- Work task
Set out exactly every line of the entries below, starting at the line that holds "edge.add_line((10.788, 6), (-10.788, 6))" and stopping after the line that holds "edge.add_line((-12, 4.788), (-12, -4.788))".

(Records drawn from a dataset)
--

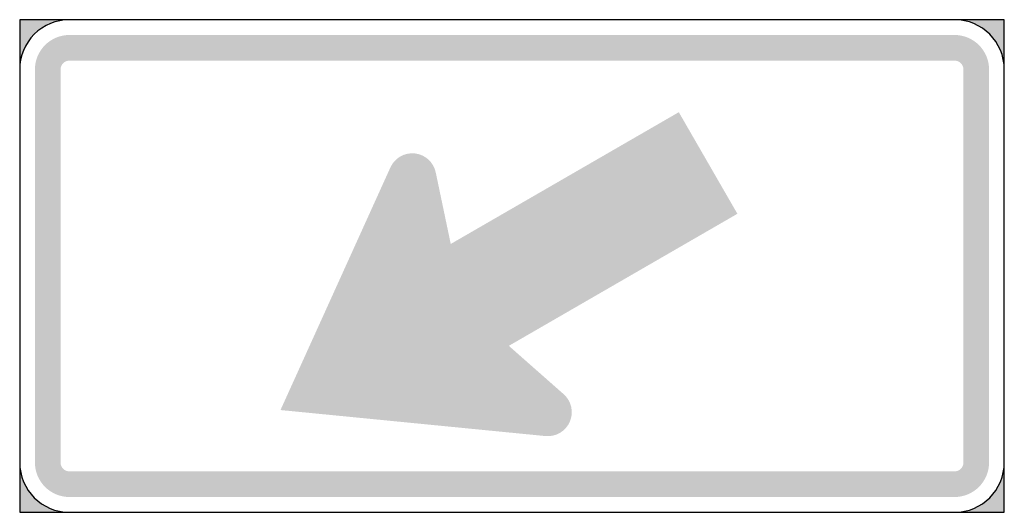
# Model space of a CAD drawing. Header units: inches. Extents: x -12 to 12, y -6 to 6.
import ezdxf

# ---------------------------------------------------------------- set-up
doc = ezdxf.new("R2010")
doc.units = ezdxf.units.IN
doc.header["$MEASUREMENT"] = 0

msp = doc.modelspace()

# ---------------------------------------------------------------- hatches: boundary and pattern name
h = msp.add_hatch(color=7)
h.paths.add_polyline_path([(-12, -6), (12, -6), (12, 6), (-12, 6), (-12, -6)])
edge = h.paths.add_edge_path(flags=0)
edge.add_line((-10.788, -6), (10.788, -6))
edge.add_spline(control_points=[(10.788, -6), (11.457, -6), (12, -5.457), (12, -4.788)], knot_values=[0, 0, 0, 0, 1, 1, 1, 1], degree=3, periodic=0)
edge.add_line((12, -4.788), (12, 4.788))
edge.add_spline(control_points=[(12, 4.788), (12, 5.457), (11.457, 6), (10.788, 6)], knot_values=[0, 0, 0, 0, 1, 1, 1, 1], degree=3, periodic=0)
edge.add_line((10.788, 6), (-10.788, 6))
edge.add_spline(control_points=[(-10.788, 6), (-11.109, 6), (-11.418, 5.872), (-11.645, 5.645), (-11.872, 5.418), (-12, 5.109), (-12, 4.788)], knot_values=[0, 0, 0, 0, 1, 1, 1, 2, 2, 2, 2], degree=3, periodic=0)
edge.add_line((-12, 4.788), (-12, -4.788))
edge.add_spline(control_points=[(-12, -4.788), (-12, -5.457), (-11.457, -6), (-10.788, -6)], knot_values=[0, 0, 0, 0, 1, 1, 1, 1], degree=3, periodic=0)
for points in [[(-10.788, 5.628), (-10.87, 5.624), (-10.952, 5.612), (-11.032, 5.592), (-11.109, 5.564), (-11.184, 5.529), (-11.255, 5.486), (-11.321, 5.437), (-11.382, 5.382), (-11.437, 5.321), (-11.486, 5.255), (-11.529, 5.184), (-11.564, 5.109), (-11.592, 5.032), (-11.612, 4.952), (-11.624, 4.87), (-11.628, 4.788), (-11.003, 4.788), (-11.002, 4.809), (-10.999, 4.83), (-10.994, 4.85), (-10.987, 4.87), (-10.978, 4.889), (-10.967, 4.907), (-10.954, 4.924), (-10.94, 4.94), (-10.924, 4.954), (-10.907, 4.967), (-10.889, 4.978), (-10.87, 4.987), (-10.85, 4.994), (-10.83, 4.999), (-10.809, 5.002), (-10.788, 5.003), (-10.788, 5.628)], [(10.788, 5.628), (-10.788, 5.628), (-10.788, 5.003), (10.788, 5.003), (10.788, 5.628)], [(11.628, 4.788), (11.624, 4.87), (11.612, 4.952), (11.592, 5.032), (11.564, 5.109), (11.529, 5.184), (11.486, 5.255), (11.437, 5.321), (11.382, 5.382), (11.321, 5.437), (11.255, 5.486), (11.184, 5.529), (11.109, 5.564), (11.032, 5.592), (10.952, 5.612), (10.87, 5.624), (10.788, 5.628), (10.788, 5.003), (10.809, 5.002), (10.83, 4.999), (10.85, 4.994), (10.87, 4.987), (10.889, 4.978), (10.907, 4.967), (10.924, 4.954), (10.94, 4.94), (10.954, 4.924), (10.967, 4.907), (10.978, 4.889), (10.987, 4.87), (10.994, 4.85), (10.999, 4.83), (11.002, 4.809), (11.003, 4.788), (11.628, 4.788)], [(-11.628, 4.788), (-11.628, -4.788), (-11.003, -4.788), (-11.003, 4.788), (-11.628, 4.788)], [(11.628, -4.788), (11.628, 4.788), (11.003, 4.788), (11.003, -4.788), (11.628, -4.788)], [(-11.628, -4.788), (-11.624, -4.87), (-11.612, -4.952), (-11.592, -5.032), (-11.564, -5.109), (-11.529, -5.184), (-11.486, -5.255), (-11.437, -5.321), (-11.382, -5.382), (-11.321, -5.437), (-11.255, -5.486), (-11.184, -5.529), (-11.109, -5.564), (-11.032, -5.592), (-10.952, -5.612), (-10.87, -5.624), (-10.788, -5.628), (-10.788, -5.003), (-10.809, -5.002), (-10.83, -4.999), (-10.85, -4.994), (-10.87, -4.987), (-10.889, -4.978), (-10.907, -4.967), (-10.924, -4.954), (-10.94, -4.94), (-10.954, -4.924), (-10.967, -4.907), (-10.978, -4.889), (-10.987, -4.87), (-10.994, -4.85), (-10.999, -4.83), (-11.002, -4.809), (-11.003, -4.788), (-11.628, -4.788)], [(10.788, -5.628), (10.87, -5.624), (10.952, -5.612), (11.032, -5.592), (11.109, -5.564), (11.184, -5.529), (11.255, -5.486), (11.321, -5.437), (11.382, -5.382), (11.437, -5.321), (11.486, -5.255), (11.529, -5.184), (11.564, -5.109), (11.592, -5.032), (11.612, -4.952), (11.624, -4.87), (11.628, -4.788), (11.003, -4.788), (11.002, -4.809), (10.999, -4.83), (10.994, -4.85), (10.987, -4.87), (10.978, -4.889), (10.967, -4.907), (10.954, -4.924), (10.94, -4.94), (10.924, -4.954), (10.907, -4.967), (10.889, -4.978), (10.87, -4.987), (10.85, -4.994), (10.83, -4.999), (10.809, -5.002), (10.788, -5.003), (10.788, -5.628)], [(-10.788, -5.628), (10.788, -5.628), (10.788, -5.003), (-10.788, -5.003), (-10.788, -5.628)]]:
    msp.add_hatch(color=7).paths.add_polyline_path(points)
h = msp.add_hatch(color=7)
edge = h.paths.add_edge_path()
edge.add_line((5.494, 1.272), (4.066, 3.747))
edge.add_line((4.066, 3.747), (-1.493, 0.537))
edge.add_line((-1.493, 0.537), (-1.859, 2.281))
edge.add_spline(control_points=[(-1.859, 2.281), (-1.911, 2.529), (-2.116, 2.715), (-2.367, 2.742), (-2.618, 2.77), (-2.859, 2.633), (-2.963, 2.403)], knot_values=[0, 0, 0, 0, 1, 1, 1, 2, 2, 2, 2], degree=3, periodic=0)
edge.add_line((-2.963, 2.403), (-5.643, -3.509))
edge.add_line((-5.643, -3.509), (0.816, -4.143))
edge.add_spline(control_points=[(0.816, -4.143), (1.068, -4.168), (1.308, -4.027), (1.409, -3.795), (1.51, -3.562), (1.45, -3.291), (1.26, -3.123)], knot_values=[0, 0, 0, 0, 1, 1, 1, 2, 2, 2, 2], degree=3, periodic=0)
edge.add_line((1.26, -3.123), (-0.077, -1.945))
edge.add_line((-0.077, -1.945), (5.494, 1.272))

# ---------------------------------------------------------------- linework, layer by layer
at = {"color": 7}
msp.add_lwpolyline([(-12, -6), (12, -6), (12, 6), (-12, 6), (-12, -6)], close=True, dxfattribs=at)
for points in [[(10.788, 6), (-10.788, 6)], [(-12, 4.788), (-12, -4.788)], [(12, -4.788), (12, 4.788)], [(-10.788, -6), (10.788, -6)]]:
    msp.add_lwpolyline(points, dxfattribs=at)
msp.add_open_spline([(-10.788, 6), (-11.109, 6), (-11.418, 5.872), (-11.645, 5.645), (-11.872, 5.418), (-12, 5.109), (-12, 4.788)], degree=3, knots=[0, 0, 0, 0, 1, 1, 1, 2, 2, 2, 2], dxfattribs=at)
for points in [[(12, 4.788), (12, 5.457), (11.457, 6), (10.788, 6)], [(-12, -4.788), (-12, -5.457), (-11.457, -6), (-10.788, -6)], [(10.788, -6), (11.457, -6), (12, -5.457), (12, -4.788)]]:
    msp.add_open_spline(points, degree=3, dxfattribs=at)

doc.saveas('drawing.dxf')

--

- Worked solution
edge.add_line((10.788, 6), (-10.788, 6))
edge.add_spline(control_points=[(-10.788, 6), (-11.109, 6), (-11.418, 5.872), (-11.645, 5.645), (-11.872, 5.418), (-12, 5.109), (-12, 4.788)], knot_values=[0, 0, 0, 0, 1, 1, 1, 2, 2, 2, 2], degree=3, periodic=0)
edge.add_line((-12, 4.788), (-12, -4.788))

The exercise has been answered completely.